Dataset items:
━━━━━━━━━━━━━━━━
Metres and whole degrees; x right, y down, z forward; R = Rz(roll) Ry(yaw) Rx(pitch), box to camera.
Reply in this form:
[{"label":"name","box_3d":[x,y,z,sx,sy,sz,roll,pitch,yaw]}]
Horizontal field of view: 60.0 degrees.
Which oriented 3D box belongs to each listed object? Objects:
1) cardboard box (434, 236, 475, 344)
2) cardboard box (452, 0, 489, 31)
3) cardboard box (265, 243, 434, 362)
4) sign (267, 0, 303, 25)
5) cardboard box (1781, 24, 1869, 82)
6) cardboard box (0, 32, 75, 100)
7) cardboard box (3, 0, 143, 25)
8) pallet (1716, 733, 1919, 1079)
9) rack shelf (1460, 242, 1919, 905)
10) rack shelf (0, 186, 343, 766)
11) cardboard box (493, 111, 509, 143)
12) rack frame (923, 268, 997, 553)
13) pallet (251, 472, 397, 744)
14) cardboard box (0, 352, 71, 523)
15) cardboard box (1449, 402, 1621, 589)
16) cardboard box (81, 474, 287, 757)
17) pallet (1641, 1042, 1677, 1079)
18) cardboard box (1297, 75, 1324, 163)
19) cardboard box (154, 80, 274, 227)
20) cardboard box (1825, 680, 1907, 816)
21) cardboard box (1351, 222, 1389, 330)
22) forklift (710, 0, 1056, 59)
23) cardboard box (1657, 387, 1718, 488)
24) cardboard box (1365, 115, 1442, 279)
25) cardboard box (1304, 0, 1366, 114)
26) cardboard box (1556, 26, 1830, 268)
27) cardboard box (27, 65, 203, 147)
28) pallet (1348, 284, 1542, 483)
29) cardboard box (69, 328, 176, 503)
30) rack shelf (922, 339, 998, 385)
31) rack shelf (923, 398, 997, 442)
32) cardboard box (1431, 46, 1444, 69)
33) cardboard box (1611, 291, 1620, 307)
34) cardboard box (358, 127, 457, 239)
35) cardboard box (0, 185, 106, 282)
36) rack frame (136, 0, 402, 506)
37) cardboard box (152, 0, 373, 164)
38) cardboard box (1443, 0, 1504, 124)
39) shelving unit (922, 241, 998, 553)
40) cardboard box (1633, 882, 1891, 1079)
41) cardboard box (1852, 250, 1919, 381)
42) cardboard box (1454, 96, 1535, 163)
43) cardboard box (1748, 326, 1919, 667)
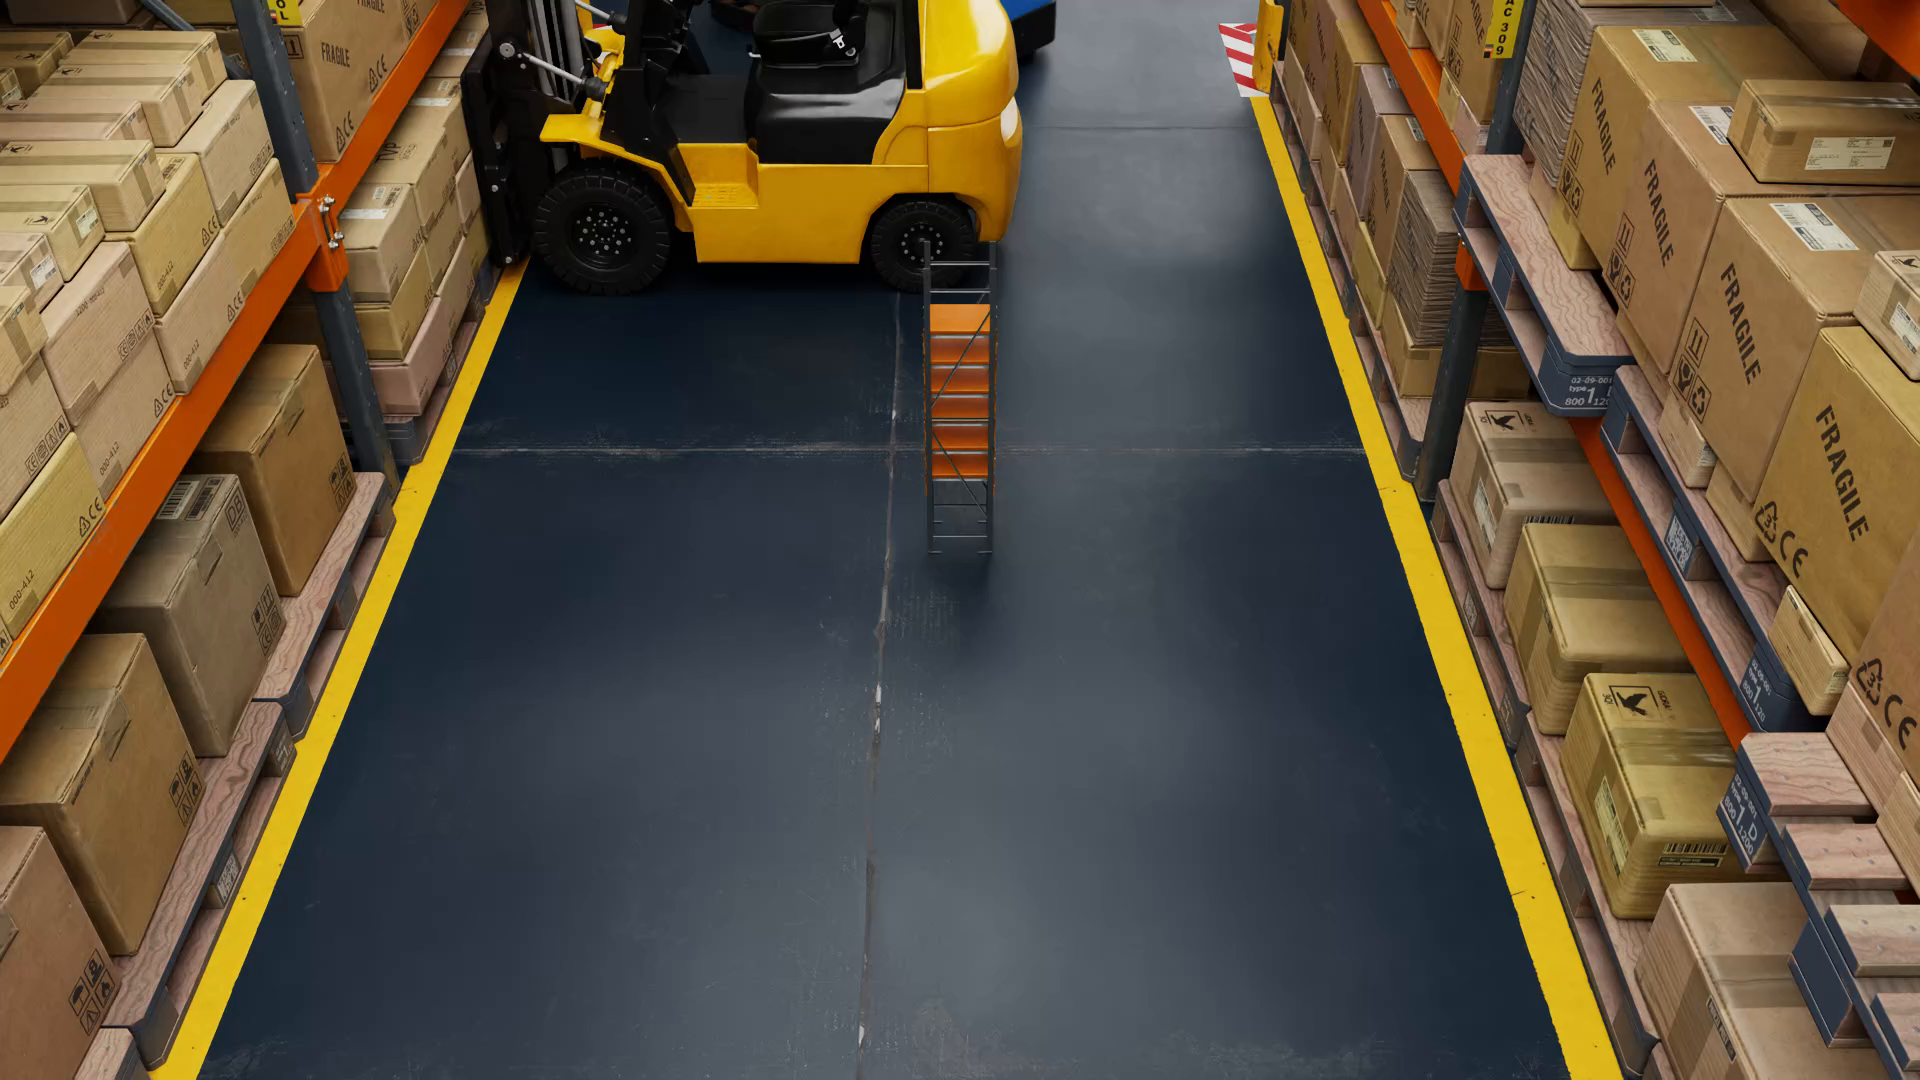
━━━━━━━━━━━━━━━━
TASK TO COMPLETE: Line for line, restate the data above and omit every picture.

PROBLEM SOLUTION:
Metres and whole degrees; x right, y down, z forward; R = Rz(roll) Ry(yaw) Rx(pitch), box to camera.
Reply in this form:
[{"label":"name","box_3d":[x,y,z,sx,sy,sz,roll,pitch,yaw]}]
Horizontal field of view: 60.0 degrees.
Which oriented 3D box belongs to each listed object? Objects:
1) cardboard box (434, 236, 475, 344)
2) cardboard box (452, 0, 489, 31)
3) cardboard box (265, 243, 434, 362)
4) sign (267, 0, 303, 25)
5) cardboard box (1781, 24, 1869, 82)
6) cardboard box (0, 32, 75, 100)
7) cardboard box (3, 0, 143, 25)
8) pallet (1716, 733, 1919, 1079)
9) rack shelf (1460, 242, 1919, 905)
10) rack shelf (0, 186, 343, 766)
11) cardboard box (493, 111, 509, 143)
12) rack frame (923, 268, 997, 553)
13) pallet (251, 472, 397, 744)
14) cardboard box (0, 352, 71, 523)
15) cardboard box (1449, 402, 1621, 589)
16) cardboard box (81, 474, 287, 757)
17) pallet (1641, 1042, 1677, 1079)
18) cardboard box (1297, 75, 1324, 163)
19) cardboard box (154, 80, 274, 227)
20) cardboard box (1825, 680, 1907, 816)
21) cardboard box (1351, 222, 1389, 330)
22) forklift (710, 0, 1056, 59)
23) cardboard box (1657, 387, 1718, 488)
24) cardboard box (1365, 115, 1442, 279)
25) cardboard box (1304, 0, 1366, 114)
26) cardboard box (1556, 26, 1830, 268)
27) cardboard box (27, 65, 203, 147)
28) pallet (1348, 284, 1542, 483)
29) cardboard box (69, 328, 176, 503)
30) rack shelf (922, 339, 998, 385)
31) rack shelf (923, 398, 997, 442)
32) cardboard box (1431, 46, 1444, 69)
33) cardboard box (1611, 291, 1620, 307)
34) cardboard box (358, 127, 457, 239)
35) cardboard box (0, 185, 106, 282)
36) rack frame (136, 0, 402, 506)
37) cardboard box (152, 0, 373, 164)
38) cardboard box (1443, 0, 1504, 124)
39) shelving unit (922, 241, 998, 553)
40) cardboard box (1633, 882, 1891, 1079)
41) cardboard box (1852, 250, 1919, 381)
42) cardboard box (1454, 96, 1535, 163)
43) cardboard box (1748, 326, 1919, 667)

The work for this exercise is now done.